PROBLEM TO SOLVE:
Set the records down again in full, exactly as they are, apart from the images.

Segment Start: INFORMATION

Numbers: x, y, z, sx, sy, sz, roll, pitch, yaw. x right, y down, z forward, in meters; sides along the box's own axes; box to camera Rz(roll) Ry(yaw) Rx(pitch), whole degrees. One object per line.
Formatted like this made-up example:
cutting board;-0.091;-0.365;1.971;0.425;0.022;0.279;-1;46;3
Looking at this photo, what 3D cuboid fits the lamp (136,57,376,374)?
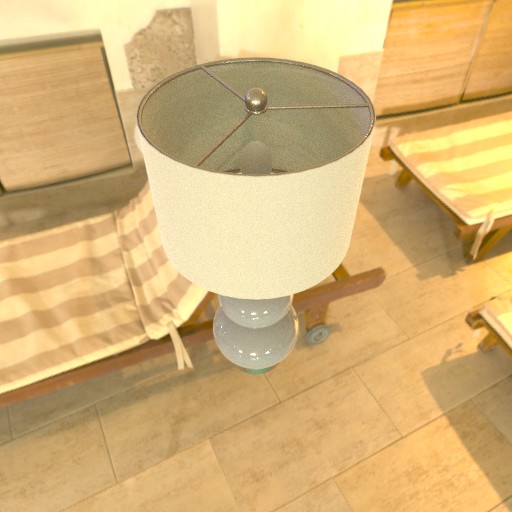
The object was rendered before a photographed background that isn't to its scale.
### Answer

Segment End: INFORMATION

REPLY TO THE TASK:
Numbers: x, y, z, sx, sy, sz, roll, pitch, yaw. x right, y down, z forward, in meters; sides along the box's own axes; box to camera Rz(roll) Ry(yaw) Rx(pitch), whole degrees. One object per line.
Formatted like this made-up example:
cutting board;-0.091;-0.365;1.971;0.425;0.022;0.279;-1;46;3
Looking at this photo, what 3D cuboid fits the lamp (136,57,376,374)?
The object was rendered before a photographed background that isn't to its scale.
### Answer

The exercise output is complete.